In a bid to denounce the regime, young demonstrators spilled on to the streets, many donning red headbands -- the colour associated with ousted civilian leader Aung San Suu Kyi's party

In order to keep a tab on the growing protests against the country's new military regime, Myanmar junta has initiated a nationwide internet blackout.   

The development seems to have backfired as Myanmar witnessed its largest anti-coup protests yet on Saturday. 

In a bid to denounce the regime, young demonstrators spilled on to the streets, many donning red headbands -- the colour associated with ousted civilian leader Aung San Suu Kyi's party.  

Around 1,000 demonstrators marched on a road near Yangon University, most holding up the three-finger salute that has come to symbolise resistance to the army takeover. The crowd yelled, "Down with the military dictatorship!"  

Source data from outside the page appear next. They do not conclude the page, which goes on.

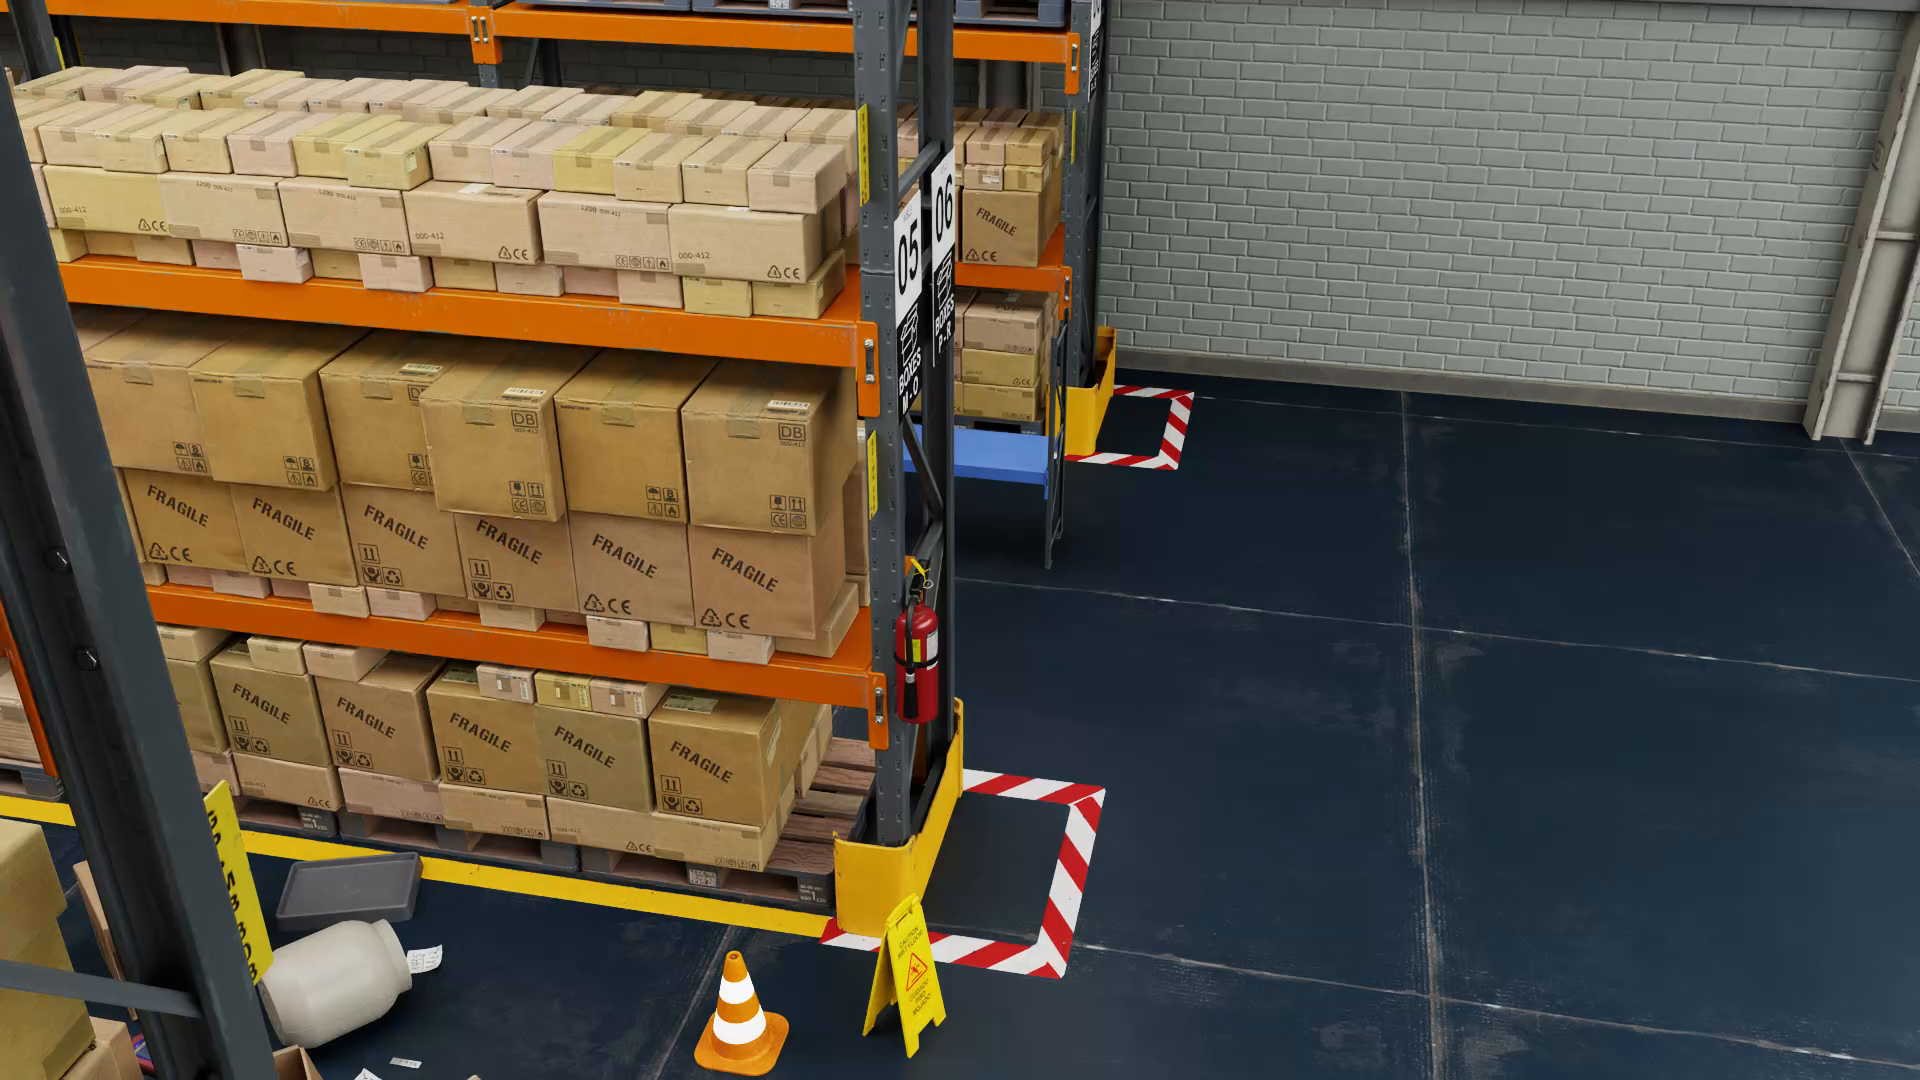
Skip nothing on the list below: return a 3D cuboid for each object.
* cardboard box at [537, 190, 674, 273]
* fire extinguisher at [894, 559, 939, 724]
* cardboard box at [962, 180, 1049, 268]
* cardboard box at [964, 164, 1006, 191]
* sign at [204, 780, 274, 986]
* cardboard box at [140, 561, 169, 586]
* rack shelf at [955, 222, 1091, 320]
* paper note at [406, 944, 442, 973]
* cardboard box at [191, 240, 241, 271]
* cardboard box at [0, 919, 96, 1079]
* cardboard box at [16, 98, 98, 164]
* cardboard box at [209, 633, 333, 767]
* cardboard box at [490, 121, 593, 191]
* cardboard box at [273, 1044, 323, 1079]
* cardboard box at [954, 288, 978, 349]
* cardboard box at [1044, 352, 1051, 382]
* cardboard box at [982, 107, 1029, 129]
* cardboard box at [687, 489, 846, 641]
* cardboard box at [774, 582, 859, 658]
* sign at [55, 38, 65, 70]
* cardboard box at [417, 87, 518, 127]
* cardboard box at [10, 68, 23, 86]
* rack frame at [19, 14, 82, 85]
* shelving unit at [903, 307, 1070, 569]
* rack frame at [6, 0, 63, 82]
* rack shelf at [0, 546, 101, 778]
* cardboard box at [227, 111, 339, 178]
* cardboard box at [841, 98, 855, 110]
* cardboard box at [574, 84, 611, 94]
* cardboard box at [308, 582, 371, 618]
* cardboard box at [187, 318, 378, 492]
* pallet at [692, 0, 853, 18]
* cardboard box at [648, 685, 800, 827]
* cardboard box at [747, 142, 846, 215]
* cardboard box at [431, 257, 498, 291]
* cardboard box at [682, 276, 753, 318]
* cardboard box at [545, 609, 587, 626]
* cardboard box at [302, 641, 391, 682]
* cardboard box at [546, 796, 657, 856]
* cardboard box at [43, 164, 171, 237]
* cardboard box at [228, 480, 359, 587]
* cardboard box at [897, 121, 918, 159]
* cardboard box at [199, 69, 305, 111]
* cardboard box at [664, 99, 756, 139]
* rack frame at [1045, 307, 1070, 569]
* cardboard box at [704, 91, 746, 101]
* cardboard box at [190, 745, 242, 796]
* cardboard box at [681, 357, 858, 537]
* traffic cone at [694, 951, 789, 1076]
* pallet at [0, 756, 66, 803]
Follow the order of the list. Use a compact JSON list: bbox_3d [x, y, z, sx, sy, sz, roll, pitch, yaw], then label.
[{"bbox_3d":[-1.235,-1.215,6.230,0.500,0.250,0.500,5,29,10],"label":"cardboard box"},{"bbox_3d":[-0.174,0.409,6.621,0.183,0.674,0.296,6,29,11],"label":"fire extinguisher"},{"bbox_3d":[0.308,-2.154,11.118,0.500,0.500,0.500,5,29,9],"label":"cardboard box"},{"bbox_3d":[0.190,-2.427,10.942,0.250,0.149,0.380,6,29,11],"label":"cardboard box"},{"bbox_3d":[-1.002,0.489,2.280,0.005,0.325,0.100,6,29,11],"label":"sign"},{"bbox_3d":[-3.602,0.040,7.477,0.250,0.149,0.380,7,29,12],"label":"cardboard box"},{"bbox_3d":[-1.112,-2.069,11.816,4.000,0.370,1.077,6,29,11],"label":"rack shelf"},{"bbox_3d":[-2.295,1.791,7.108,0.148,0.019,0.142,-4,29,-7],"label":"paper note"},{"bbox_3d":[-2.842,-1.211,6.639,0.250,0.149,0.380,5,29,9],"label":"cardboard box"},{"bbox_3d":[-1.542,0.705,2.182,0.500,0.250,0.500,6,29,10],"label":"cardboard box"},{"bbox_3d":[-3.601,-1.612,6.540,0.250,0.149,0.380,7,29,12],"label":"cardboard box"},{"bbox_3d":[-3.054,0.674,7.703,0.500,0.500,0.500,7,29,13],"label":"cardboard box"},{"bbox_3d":[-1.554,-1.441,6.229,0.250,0.149,0.380,6,29,11],"label":"cardboard box"},{"bbox_3d":[-2.436,2.255,5.768,0.637,0.503,0.797,-14,32,-24],"label":"cardboard box"},{"bbox_3d":[-0.172,-1.549,11.502,0.500,0.250,0.500,6,29,11],"label":"cardboard box"},{"bbox_3d":[0.404,-1.303,12.094,0.500,0.250,0.500,6,29,11],"label":"cardboard box"},{"bbox_3d":[0.313,-2.833,11.373,0.250,0.149,0.380,7,29,12],"label":"cardboard box"},{"bbox_3d":[-0.778,0.048,6.786,0.500,0.500,0.500,5,29,10],"label":"cardboard box"},{"bbox_3d":[-0.600,0.321,6.964,0.250,0.149,0.380,7,29,12],"label":"cardboard box"},{"bbox_3d":[-3.995,-2.052,7.374,0.005,0.325,0.100,6,29,11],"label":"sign"},{"bbox_3d":[-1.976,-1.706,6.713,0.250,0.149,0.380,6,29,12],"label":"cardboard box"},{"bbox_3d":[-7.451,-3.339,12.846,0.500,0.500,0.500,7,30,13],"label":"cardboard box"},{"bbox_3d":[-6.980,-2.986,12.743,0.127,3.000,1.000,6,29,11],"label":"rack frame"},{"bbox_3d":[0.083,-0.649,10.036,1.048,1.500,0.538,6,29,11],"label":"shelving unit"},{"bbox_3d":[-4.101,-2.885,6.311,0.127,3.000,1.000,6,29,11],"label":"rack frame"},{"bbox_3d":[-3.080,0.141,1.949,4.000,0.370,1.077,6,29,11],"label":"rack shelf"},{"bbox_3d":[-2.576,-1.519,6.371,0.250,0.149,0.380,5,29,10],"label":"cardboard box"},{"bbox_3d":[-0.688,-2.958,11.602,0.250,0.149,0.380,5,29,9],"label":"cardboard box"},{"bbox_3d":[-2.693,-3.154,11.960,0.250,0.149,0.380,6,29,11],"label":"cardboard box"},{"bbox_3d":[-2.611,0.172,7.237,0.250,0.149,0.380,6,29,11],"label":"cardboard box"},{"bbox_3d":[-2.736,-0.596,6.922,0.500,0.500,0.700,5,29,9],"label":"cardboard box"},{"bbox_3d":[-1.039,-3.665,10.952,1.213,0.211,1.003,6,29,11],"label":"pallet"},{"bbox_3d":[-1.027,0.883,7.321,0.500,0.500,0.500,6,29,11],"label":"cardboard box"},{"bbox_3d":[-0.582,-1.303,5.976,0.250,0.149,0.380,6,29,11],"label":"cardboard box"},{"bbox_3d":[-1.843,-1.104,6.443,0.250,0.149,0.380,5,29,9],"label":"cardboard box"},{"bbox_3d":[-0.847,-0.972,6.202,0.250,0.149,0.380,6,29,11],"label":"cardboard box"},{"bbox_3d":[-1.596,0.208,7.169,0.250,0.149,0.380,6,29,11],"label":"cardboard box"},{"bbox_3d":[-2.704,0.458,7.422,0.250,0.149,0.380,8,30,13],"label":"cardboard box"},{"bbox_3d":[-1.541,1.159,7.597,0.500,0.250,0.500,6,29,11],"label":"cardboard box"},{"bbox_3d":[-3.222,-1.414,6.594,0.500,0.250,0.500,6,29,10],"label":"cardboard box"},{"bbox_3d":[-2.745,-0.157,7.161,0.500,0.500,0.500,6,29,10],"label":"cardboard box"},{"bbox_3d":[-0.288,-2.663,11.064,0.250,0.149,0.380,6,29,11],"label":"cardboard box"},{"bbox_3d":[-2.958,-1.857,6.988,0.250,0.149,0.380,7,29,12],"label":"cardboard box"},{"bbox_3d":[-0.976,-1.611,6.539,0.250,0.149,0.380,6,29,11],"label":"cardboard box"},{"bbox_3d":[0.581,-0.598,9.943,0.032,1.500,0.500,6,29,11],"label":"rack frame"},{"bbox_3d":[-1.687,-3.058,11.784,0.250,0.149,0.380,5,29,10],"label":"cardboard box"},{"bbox_3d":[-3.580,0.954,7.971,0.500,0.250,0.500,5,29,8],"label":"cardboard box"},{"bbox_3d":[-0.734,-0.414,6.589,0.500,0.500,0.700,5,29,9],"label":"cardboard box"},{"bbox_3d":[-0.879,1.823,6.600,0.334,0.463,0.336,6,29,11],"label":"traffic cone"},{"bbox_3d":[-4.863,0.892,8.562,1.213,0.211,1.003,6,29,11],"label":"pallet"}]

A large police contingent blocked nearby roads with two water cannon trucks parked at the scene.  

The march came as Myanmar was plunged into its second nationwide internet blackout this week, similar in magnitude to an earlier shutdown that coincided with the arrest of Suu Kyi and other senior leaders on Monday. 

Those dawn raids brought a sudden halt to Myanmar's brief 10-year experiment with democracy, and catalysed an outpouring of fury that has migrated from social media to the streets. 

Online calls to protest the army takeover have prompted increasingly bold displays of defiance against the new regime, including the nightly deafening clamour of people around the country banging pots and pans -- a practice traditionally associated with driving out evil. 

Some have shown their opposition by gathering for group photographs with banners decrying the coup and flashing a three-finger salute earlier adopted by democracy protesters in neighbouring Thailand. 

UN Secretary General Antonio Guterres said a special envoy to the country had made 'first contact' with Myanmar's deputy military commander to urge the junta to relinquish power to the civilian government it toppled. 

"We will do everything we can to make the international community united in making sure that conditions are created for this coup to be reversed," he told reporters on Friday.  

State media in Myanmar reported on Saturday that junta figures had spoken with diplomats the previous day to respond to an international outcry and asked them to work with the new leaders.  

"The Government understand the concerns of the international community on the continuation of Myanmar's democratic transition process," International Cooperation Minister Ko Ko Hlaing said in the meeting, according to the report.